I am bidding on plowing and sanding approximately 3.5 miles of road. The roads are wide 35 to 40 feet mostly. They are steep and winding dirt roads. 6 big intersections, 8 culdesacs. The sand is supplied by the association, I just spread it. I have for equipment; single axel ex aot truck with plow,wing,and,sander. one ton dump with sander, f250 with vee plow. Now how do I bid this, hourly, by storm, or by mile or foot. you really have to baby sit this place because of the hills. These roads all go to second homes about 70 homes. What would u charge?

thanks for any help on this.


----------



## BUFF (Dec 24, 2009)

I use to plow roads for two HOA's, one had about 3miles with four cul-de-sacs and the other had 2miles with two cul-de-sacs. All roads were flat with slight changes in elevation, paved and had no curbing. I used a F-350 with a 8.5 straight blade with wings until I put a 8.2 V with wings on it. I had tiered rates which were in 3" increments starting at 4". I calculated how fast I would be driving while doing the roads, using 2 passes to come up with how much time/cost for the road portion. The cul-de-sacs I look at being similar to small parking lots and used that to determine time/cost. I dropped these customers after a couple years due to I could make more money pushing commercial lots with 2" triggers and did have to deal with the opinions of the homeowners about cost at yearly meetings. It was easy work, almost boring to an extent. I will say plowing paved roads at 15mph accelerates edge wear.

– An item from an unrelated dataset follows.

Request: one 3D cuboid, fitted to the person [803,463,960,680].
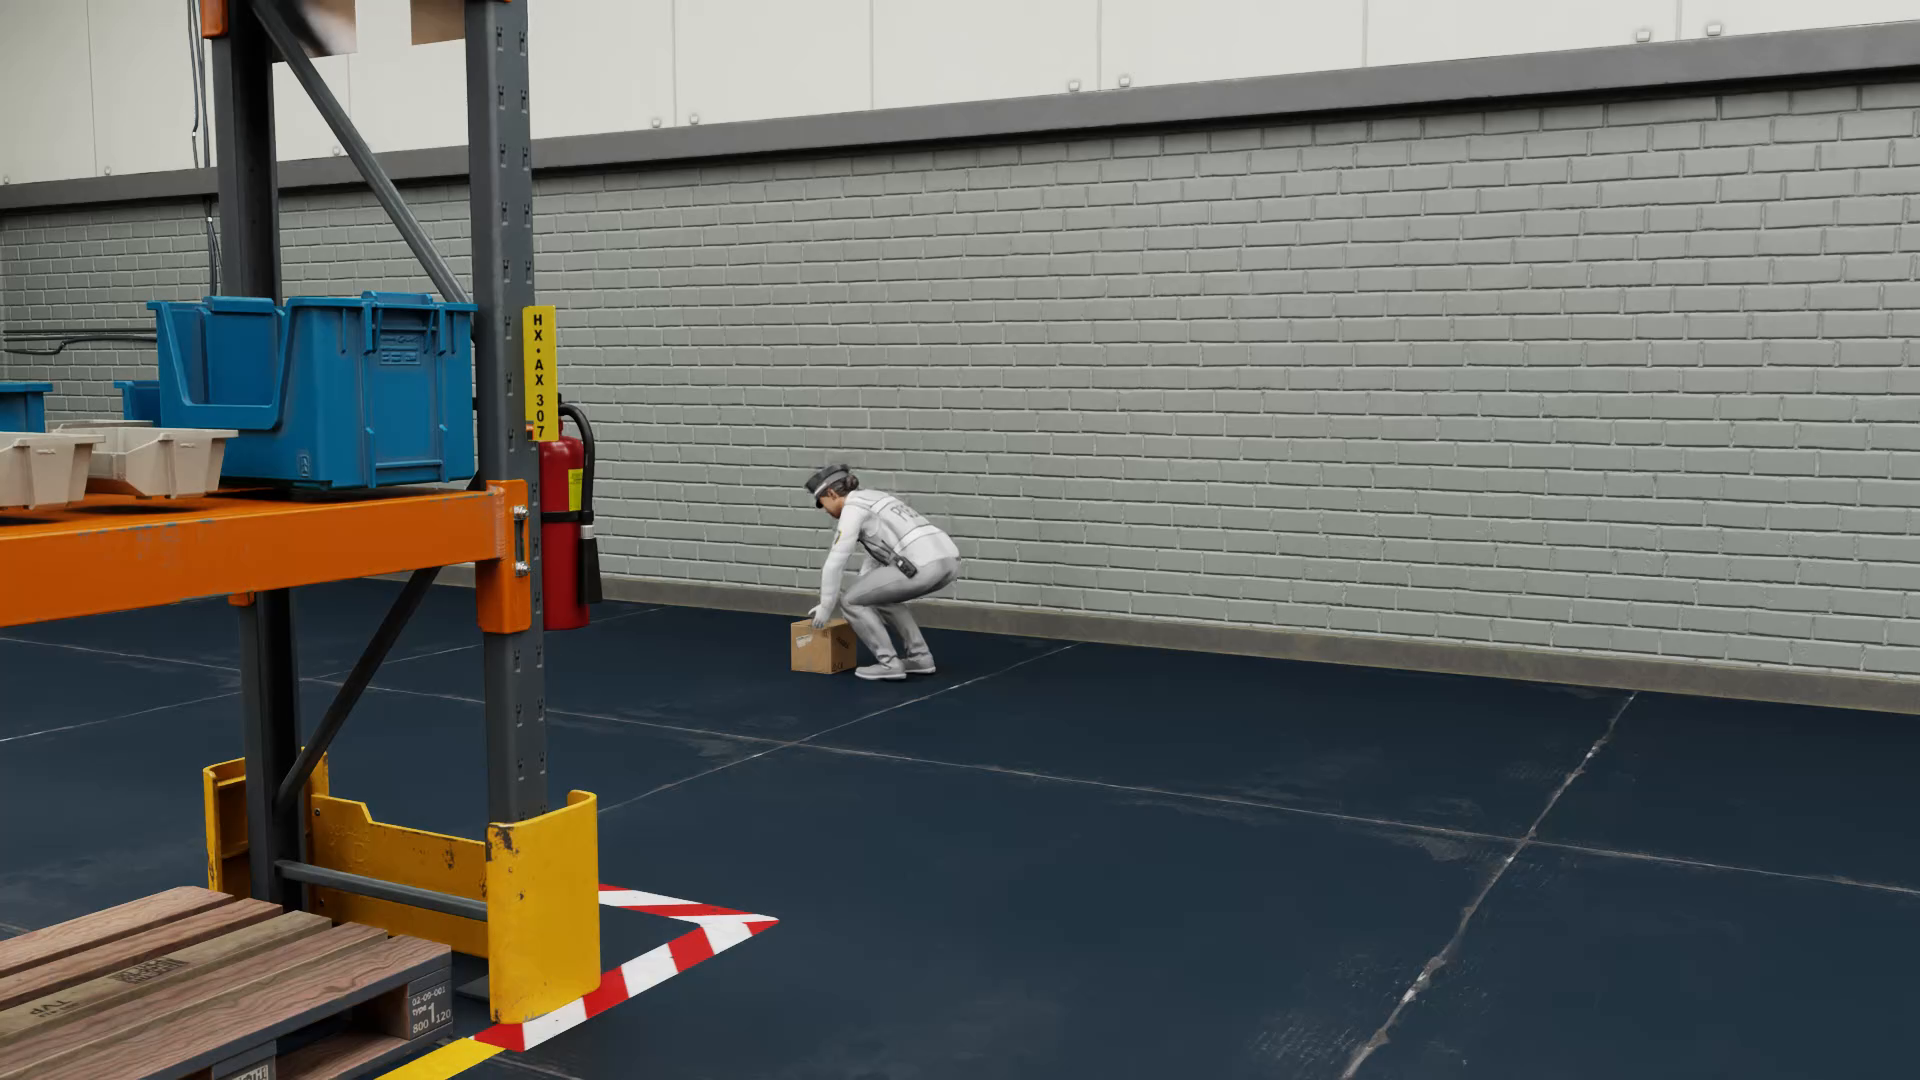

Since your scenario is dirt you're going to have to let the ground freeze before you can plow at any real speed early in the season and late in the season when it starts to thaw.


----------



## ratherbfishin (Aug 1, 2011)

What is your plan for pushing the back the windrows? A few good storms and those roads will soon become cow paths, especially with those relatively light trucks. I would be putting something in your bid for that!


----------



## Randall Ave (Oct 29, 2014)

Did you contact your insurance agency and ask about plowing roads? Roads Hear are usually by the hour. At least 125.00 per. And its not enough.


----------



## vtdumptrucker (Dec 1, 2011)

ratherbfishin;2002559 said:


> What is your plan for pushing the back the windrows? A few good storms and those roads will soon become cow paths, especially with those relatively light trucks. I would be putting something in your bid for that!


I have a grader with wing I can rent cheap also a small loader I can do the same with.


----------



## ratherbfishin (Aug 1, 2011)

vtdumptrucker;2002665 said:


> I have a grader with wing I can rent cheap also a small loader I can do the same with.


That will do the trick!


----------